Now, I didn't read your question carefully, and omitted the Currency field, but if I add that to the non-indexed table and the table with the compound index and populate it with random data, I get this:
98,304 IndexTestEmpty.mdb
131,072 IndexTestNoIndexesNoData.mdb
11,223,040 IndexTestNoIndexes.mdb
15,425,536 IndexTestPK.mdb
15,425,536 IndexTestIndexUnique2.mdb
15,425,536 IndexTestIndexUnique1.mdb
15,482,880 IndexTestNoIndexes+Currency.mdb
19,644,416 IndexTestPKIndexes1.mdb
23,838,720 IndexTestPKIndexes2.mdb
24,424,448 IndexTestPKCompound.mdb
28,041,216 IndexTestPKIndexes3.mdb
28,655,616 IndexTestPKCompoundIndexes1.mdb
28,692,480 IndexTestPKCompound+Currency.mdb
32,849,920 IndexTestPKCompoundIndexes2.mdb
37,040,128 IndexTestPKCompoundIndexes3.mdb
The points of comparison are:
11,223,040 IndexTestNoIndexes.mdb
15,482,880 IndexTestNoIndexes+Currency.mdb
24,424,448 IndexTestPKCompound.mdb
28,692,480 IndexTestPKCompound+Currency.mdb
So, the currency field added another 4.5MBs, and its index added another 4MBs.
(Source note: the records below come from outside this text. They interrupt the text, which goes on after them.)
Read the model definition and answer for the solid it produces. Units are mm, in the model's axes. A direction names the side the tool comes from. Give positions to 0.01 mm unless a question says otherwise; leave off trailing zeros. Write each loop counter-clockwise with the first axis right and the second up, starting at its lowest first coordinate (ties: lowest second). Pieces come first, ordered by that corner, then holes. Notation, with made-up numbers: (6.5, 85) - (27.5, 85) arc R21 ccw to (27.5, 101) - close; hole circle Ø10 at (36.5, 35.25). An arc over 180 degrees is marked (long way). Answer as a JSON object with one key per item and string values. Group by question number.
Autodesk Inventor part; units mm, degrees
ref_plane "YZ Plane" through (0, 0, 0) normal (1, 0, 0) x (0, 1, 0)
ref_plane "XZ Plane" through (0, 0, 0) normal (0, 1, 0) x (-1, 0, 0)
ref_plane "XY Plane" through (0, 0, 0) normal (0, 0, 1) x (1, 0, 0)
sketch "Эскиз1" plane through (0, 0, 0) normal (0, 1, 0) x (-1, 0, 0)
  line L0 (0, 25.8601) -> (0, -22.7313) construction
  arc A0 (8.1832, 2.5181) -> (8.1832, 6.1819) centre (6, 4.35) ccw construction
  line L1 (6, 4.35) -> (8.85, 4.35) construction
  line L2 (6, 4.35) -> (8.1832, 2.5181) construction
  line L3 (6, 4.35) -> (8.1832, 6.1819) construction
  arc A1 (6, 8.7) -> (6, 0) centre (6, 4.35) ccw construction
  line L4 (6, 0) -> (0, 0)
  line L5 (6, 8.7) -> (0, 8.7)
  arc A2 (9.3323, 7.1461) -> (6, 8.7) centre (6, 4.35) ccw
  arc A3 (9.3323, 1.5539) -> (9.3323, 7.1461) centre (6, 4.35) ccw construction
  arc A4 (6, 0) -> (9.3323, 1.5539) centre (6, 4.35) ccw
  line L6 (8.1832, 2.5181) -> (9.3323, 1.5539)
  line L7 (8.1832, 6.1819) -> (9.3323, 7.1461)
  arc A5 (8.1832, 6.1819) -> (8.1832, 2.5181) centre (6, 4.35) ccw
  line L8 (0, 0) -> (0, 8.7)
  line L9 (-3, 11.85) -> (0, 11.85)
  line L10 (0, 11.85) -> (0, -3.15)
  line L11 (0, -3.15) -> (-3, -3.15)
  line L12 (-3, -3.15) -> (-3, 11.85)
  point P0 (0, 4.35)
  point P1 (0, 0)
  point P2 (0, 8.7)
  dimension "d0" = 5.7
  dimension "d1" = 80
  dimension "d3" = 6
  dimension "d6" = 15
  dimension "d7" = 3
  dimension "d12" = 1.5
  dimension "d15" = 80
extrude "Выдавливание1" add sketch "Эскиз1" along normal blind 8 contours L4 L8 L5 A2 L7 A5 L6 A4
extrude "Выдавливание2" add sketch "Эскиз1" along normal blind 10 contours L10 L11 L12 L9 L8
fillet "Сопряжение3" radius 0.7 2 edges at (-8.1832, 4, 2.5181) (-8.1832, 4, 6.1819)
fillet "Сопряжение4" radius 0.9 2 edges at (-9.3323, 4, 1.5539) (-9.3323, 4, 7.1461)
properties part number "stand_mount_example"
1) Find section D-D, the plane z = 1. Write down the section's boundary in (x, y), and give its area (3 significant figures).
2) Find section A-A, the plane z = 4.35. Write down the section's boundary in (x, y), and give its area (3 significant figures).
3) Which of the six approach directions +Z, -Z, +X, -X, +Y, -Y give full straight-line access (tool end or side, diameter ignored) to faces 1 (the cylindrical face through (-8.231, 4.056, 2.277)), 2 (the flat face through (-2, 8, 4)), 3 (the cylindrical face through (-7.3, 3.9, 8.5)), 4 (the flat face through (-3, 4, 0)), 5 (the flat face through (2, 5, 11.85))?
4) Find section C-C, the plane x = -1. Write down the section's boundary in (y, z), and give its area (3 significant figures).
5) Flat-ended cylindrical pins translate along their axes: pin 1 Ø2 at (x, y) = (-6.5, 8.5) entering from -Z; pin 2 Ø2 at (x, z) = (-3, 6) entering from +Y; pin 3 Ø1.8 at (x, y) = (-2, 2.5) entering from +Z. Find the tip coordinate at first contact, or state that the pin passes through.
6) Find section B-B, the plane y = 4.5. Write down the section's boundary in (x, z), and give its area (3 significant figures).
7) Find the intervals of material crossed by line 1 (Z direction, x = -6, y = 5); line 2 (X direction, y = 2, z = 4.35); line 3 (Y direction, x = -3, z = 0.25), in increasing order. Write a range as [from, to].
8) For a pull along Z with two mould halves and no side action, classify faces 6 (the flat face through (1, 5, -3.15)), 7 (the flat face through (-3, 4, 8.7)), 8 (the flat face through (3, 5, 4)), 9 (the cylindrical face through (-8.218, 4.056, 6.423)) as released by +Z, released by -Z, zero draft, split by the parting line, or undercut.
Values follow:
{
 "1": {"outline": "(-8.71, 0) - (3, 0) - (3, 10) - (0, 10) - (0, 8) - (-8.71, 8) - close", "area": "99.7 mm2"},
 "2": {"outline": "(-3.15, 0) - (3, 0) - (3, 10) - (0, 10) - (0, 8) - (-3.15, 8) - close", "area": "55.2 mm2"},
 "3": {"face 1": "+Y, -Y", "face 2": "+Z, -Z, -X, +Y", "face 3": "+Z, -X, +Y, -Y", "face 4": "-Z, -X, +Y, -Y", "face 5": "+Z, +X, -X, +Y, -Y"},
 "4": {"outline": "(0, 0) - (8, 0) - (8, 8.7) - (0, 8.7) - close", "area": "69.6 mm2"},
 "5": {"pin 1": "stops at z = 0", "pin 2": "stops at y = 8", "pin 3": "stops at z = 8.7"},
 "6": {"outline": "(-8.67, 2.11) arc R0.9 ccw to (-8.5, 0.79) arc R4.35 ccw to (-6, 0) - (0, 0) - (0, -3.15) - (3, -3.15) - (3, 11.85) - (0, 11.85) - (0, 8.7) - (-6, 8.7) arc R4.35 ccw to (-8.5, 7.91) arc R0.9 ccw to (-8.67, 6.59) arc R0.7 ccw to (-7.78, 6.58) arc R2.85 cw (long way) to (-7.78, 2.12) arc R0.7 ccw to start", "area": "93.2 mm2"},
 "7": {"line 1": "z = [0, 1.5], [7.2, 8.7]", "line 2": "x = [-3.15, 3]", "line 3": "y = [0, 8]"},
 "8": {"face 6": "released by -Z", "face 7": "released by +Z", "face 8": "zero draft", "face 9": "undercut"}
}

And if I add non-unique indexes to the 2nd, 3rd and 4th long fields, the database 41,336,832, and increase in size of just under 12MBs (or ~4MBs per additional index).
So, this basically replicates your results, no? And I ended up with the same file sizes, roughly speaking.
The answer to your question is INDEXES, though there is obviously more overhead in the A2007 ACCDB format, since I saw an increase in size of only 20MBs, not 30MBs.
One thing I did notice was that I could implement an index that would make the file larger, then delete the index and compact, and it would return to exactly the same file size as it had before, so you should be able to take a single copy of your database and experiment with what removing the indexes does to your file size.